▶ **WHAT TO PRODUCE**
Word for word, output every line of the material below, minus pictures.

========================================

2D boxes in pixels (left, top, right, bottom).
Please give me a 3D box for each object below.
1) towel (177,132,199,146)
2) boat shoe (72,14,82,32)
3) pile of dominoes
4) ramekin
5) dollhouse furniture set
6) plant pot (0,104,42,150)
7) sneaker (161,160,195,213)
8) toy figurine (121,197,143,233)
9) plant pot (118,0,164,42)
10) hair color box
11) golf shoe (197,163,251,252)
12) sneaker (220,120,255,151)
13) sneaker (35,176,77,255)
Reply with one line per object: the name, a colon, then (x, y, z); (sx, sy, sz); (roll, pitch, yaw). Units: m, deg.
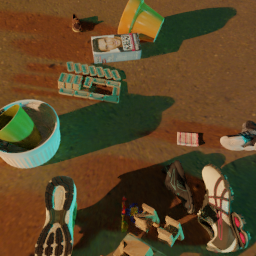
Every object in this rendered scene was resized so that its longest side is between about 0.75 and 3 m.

========================================

▶ **PROBLEM SOLUTION**
2D boxes in pixels (left, top, right, bottom).
Please give me a 3D box for each object below.
1) towel (177,132,199,146)
2) boat shoe (72,14,82,32)
3) pile of dominoes
4) ramekin
5) dollhouse furniture set
6) plant pot (0,104,42,150)
7) sneaker (161,160,195,213)
8) toy figurine (121,197,143,233)
9) plant pot (118,0,164,42)
10) hair color box
11) golf shoe (197,163,251,252)
12) sneaker (220,120,255,151)
13) sneaker (35,176,77,255)
Reply with one line per object: the name, a colon, then (x, y, z); (sx, sy, sz); (roll, pitch, yaw). Units: m, deg.
Every object in this rendered scene was resized so that its longest side is between about 0.75 and 3 m.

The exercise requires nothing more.